Wuthering Heights: Fine Wine or Vinegar?

        Wuthering Heights, written by Emily Brontė, is a book that was not popular following its immediate release in 1847. Most critics were repelled by its unlikable characters and plot. Flash forward to today, and it is widely regarded by affluent critics as a "masterpiece" and has been made into movies numerous times. Like fine wine, it seems that Wuthering Heights has gained more appreciation as time has passed on-but is this because audiences like it more, or is it simply because it is the popular thing to like older books, regardless of their quality? Unfortunately for Brontė, I have to side with the latter. Wuthering Heights is a terrible book and was translated into a terrible movie in 1939 that not even famed director William Wyler can save.

        Before I begin to criticize the movie, I must first explain the book, from which the movie is translated. Wuthering Heights the book is about cruel and hateful characters experiencing sadness, anger, and above all, the desire for revenge. This by itself does not make Wuthering Heights bad-in fact, there are many films and books about bad people that do bad things which turn out to be incredibly entertaining. The problem with these elements in Wuthering Heights is that they are not the least bit compelling. I may not like the characters; I may not like the plot; but, if I am at least compelled to see what happens next in the book and movie, then it is worth my while.

        Wyler is not able to make this movie compelling because nothing happens in it.

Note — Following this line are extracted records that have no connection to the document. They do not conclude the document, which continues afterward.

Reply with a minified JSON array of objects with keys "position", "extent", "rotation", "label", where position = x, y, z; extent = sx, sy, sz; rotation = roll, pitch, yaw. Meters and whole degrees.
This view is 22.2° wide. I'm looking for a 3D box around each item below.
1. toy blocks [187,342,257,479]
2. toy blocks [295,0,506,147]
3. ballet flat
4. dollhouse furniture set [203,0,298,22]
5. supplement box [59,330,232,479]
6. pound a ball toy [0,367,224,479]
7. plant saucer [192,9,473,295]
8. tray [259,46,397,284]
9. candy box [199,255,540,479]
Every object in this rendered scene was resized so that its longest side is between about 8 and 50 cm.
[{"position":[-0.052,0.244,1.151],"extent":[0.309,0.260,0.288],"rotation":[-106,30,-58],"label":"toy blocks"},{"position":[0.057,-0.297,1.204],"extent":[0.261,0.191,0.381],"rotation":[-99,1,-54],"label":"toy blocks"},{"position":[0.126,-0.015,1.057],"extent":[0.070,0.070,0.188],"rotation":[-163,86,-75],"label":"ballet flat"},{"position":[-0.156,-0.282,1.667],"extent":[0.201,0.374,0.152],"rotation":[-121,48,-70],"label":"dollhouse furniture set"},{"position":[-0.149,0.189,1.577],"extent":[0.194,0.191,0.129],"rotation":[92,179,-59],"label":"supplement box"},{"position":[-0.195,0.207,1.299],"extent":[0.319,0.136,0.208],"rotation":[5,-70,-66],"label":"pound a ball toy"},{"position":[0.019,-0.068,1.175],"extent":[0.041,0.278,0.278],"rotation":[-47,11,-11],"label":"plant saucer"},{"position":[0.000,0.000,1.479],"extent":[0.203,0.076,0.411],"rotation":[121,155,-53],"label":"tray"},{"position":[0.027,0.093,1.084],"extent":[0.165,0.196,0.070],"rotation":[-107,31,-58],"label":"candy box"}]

Most of his camera shots, orchestrated by the cinematographer, Gregg Toland, which are usually known for their striking deep-focus innovation, are boring and still, showing the same room from the same angle over and over again.

        A compelling movie usually has lots of conflict, which Wuthering Heights is full of. The problem is that the conflict in Wuthering Heights is so preposterous that it is hard to care. The characters Heathcliff (Laurence Olivier), Catherine (Merle Oberon), Hindley (Hugh Williams), Edgar (David Niven) in Wuthering Heights are inhuman-they live for years and years harboring nothing but hatred and revenge in their hearts, which they talk a lot about but rarely actually do anything to make the movie interesting. This lack of action, combined with the lack of humanity within the characters, makes for a boring, boring movie. Inhuman characters can work, but at least make them do something worth caring about.

        Real people, no matter how evil, have some good within them. Hitler, one of the most widely known "evil" leaders in our history, had his merits. He was a strict vegetarian, abstained from alcohol and cigarettes, and deeply cared for animals. Yes, his actions did cause the death of millions of people; but, hey, he did care for animals.

        The characters in Wuthering Heights are worse than Hitler in a way, in that they have no humor, no forgiveness, and no aspiration to leave their estates of hatred and sadness. They may have not annihilated millions of people like Hitler did, but if boredom killed then they would be mass murderers on the largest of scales.